Aspect Augmented NMT Experiment Results

In this section, we report the results of our Aspect Integrated NMT model along with the replicated baseline models. The results here are the same as what was reported in the paper. You can run our experiments using the standalone scripts in resources/exp-scripts/aspect_exps. The source code for Aspect Augmented NMT along with the replicated baselines is implemented in translate/models/aspects. In the result tables:

#param represents the number of trainable parameters (size of BERT model parameters [110.5M] has not been added to the model size for the aspect augmented and bert-freeze models since BERT is not trained in these settings).
runtime is the total time the training script has ran and includes time taken for creating the model, reading the data and iterating over the instances for all the epochs.
We have used a single GeForce GTX 1080 GPU for M30k experiments and a single Titan RTX GPU for IWSLT and WMT experiments.
The following results are created by lower-casing, translation, and true-casing afterwards.

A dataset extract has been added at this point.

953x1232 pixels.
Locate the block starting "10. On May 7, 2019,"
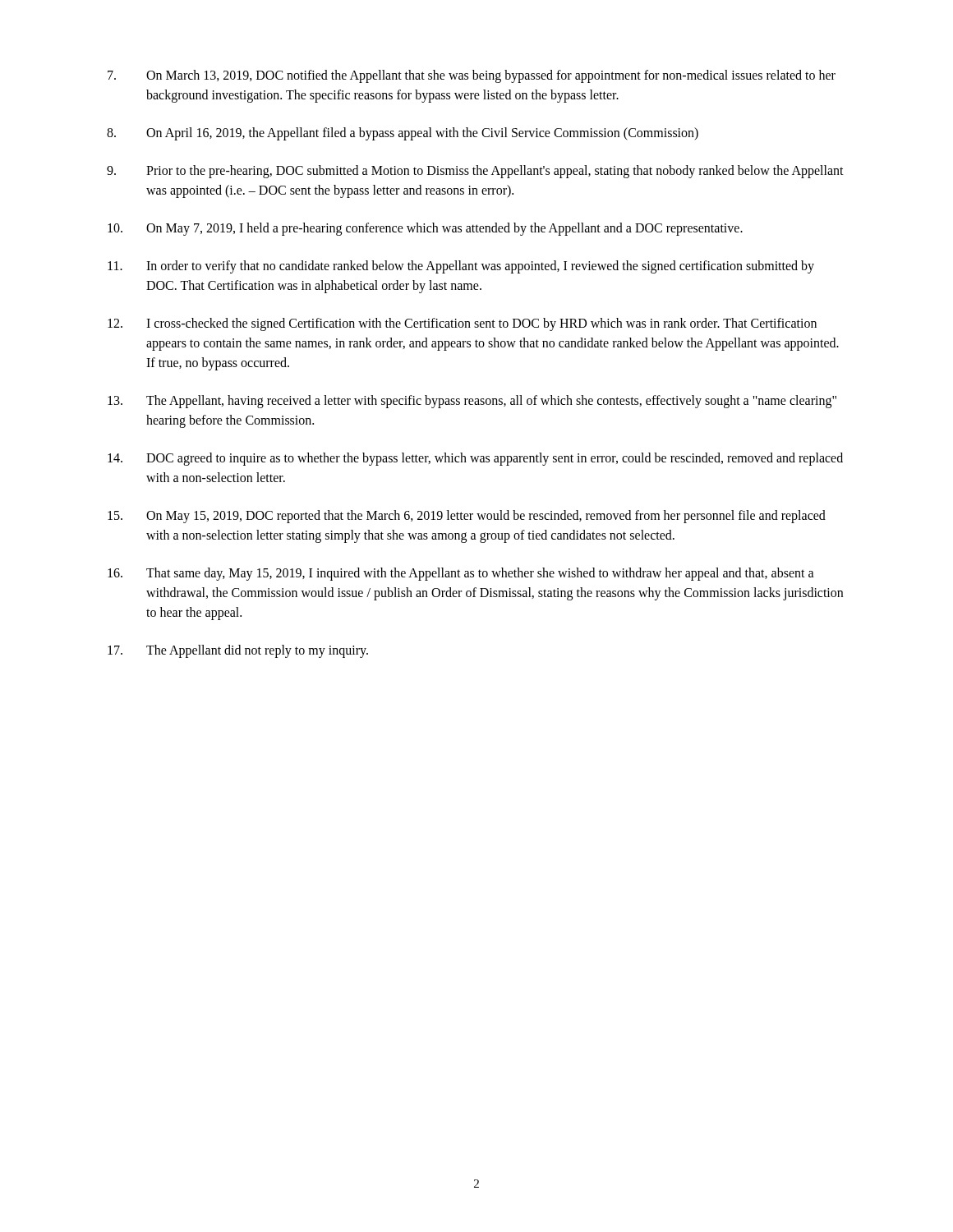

The cased aspect-augmneted experiment results are also available and although we have not reported them in the paper, you can find them in the last table.
All the experiment results are calculated using mteval-v14.pl script.

M30k German to English

	val	test2016	#param	runtime
Vaswani et al. 2017	39.63	38.25	9.5 M	84 min
Sundararaman et al. 2019	40.03	38.32	13.9 M	514 min
Clinchant et al. 2019 (bert freeze)	40.07	39.73	9.1 M	99 min
Aspect Augmented +M30k asp. vectors	40.47	40.19	10.1 M	104 min
Aspect Augmented +WMT asp. vectors	38.72	41.53	10.1 M	102 min

M30k German to French

	val	test2016	#param	runtime
Vaswani et al. 2017	31.07	30.29	9.4 M	93 min
Sundararaman et al. 2019	32.55	32.71	13.6 M	504 min
Clinchant et al. 2019 (bert freeze)	33.83	33.15	9.0 M	104 min
Aspect Augmented +M30k asp. vectors	34.45	34.42	9.9 M	108 min
Aspect Augmented +WMT asp. vectors	34.73	34.28	9.9 M	118 min

IWSLT17 German to English

	dev2010	tst2010	tst2011	tst2012	tst2013	tst2014	tst2015	#param	runtime
Vaswani et al. 2017	27.69	27.93	31.88	28.15	29.59	25.66	26.76	18.4 M	172 min
Sundararaman et al. 2019	29.53	29.67	33.11	29.42	30.89	27.09	27.78	28.9 M	1418 min
Clinchant et al. 2019 (bert freeze)	30.31	30.00	34.20	30.04	31.26	27.50	27.88	18.0 M	212 min
Aspect Augmented +IWSLT asp. vectors	29.03	29.17	33.42	29.58	30.63	26.86	27.83	18.9 M	214 min
Aspect Augmented +WMT asp. vectors	31.22	30.82	34.79	30.29	32.34	27.71	28.40	18.9 M	211 min

WMT14 German to English

	wmt_val	newstest2014	newstest2015	newstest2016	newstest2017	newstest2018	newstest2019	#param	runtime
Vaswani et al. 2017	28.96	26.91	26.91	31.42	28.07	33.56	29.77	68.7 M	35 h
Sundararaman et al. 2019	28.56	27.80	26.93	30.44	28.63	33.87	30.48	93.8 M	258 h
Clinchant et al. 2019 (bert freeze)	28.63	27.54	27.15	31.69	28.30	33.89	31.48	69.1 M	33 h
Aspect Augmented +WMT asp. vectors	28.98	28.05	27.58	32.29	29.07	34.74	31.48	70.3 M	46 h

[Updated] Cased Aspect Augmented NMT Experiment Results

As we suggested earlier, we have also trained aspect-augmented translation models using cased data, however, the results were not ready in time to put in the paper. This section reports the cased aspect-augmented translation results.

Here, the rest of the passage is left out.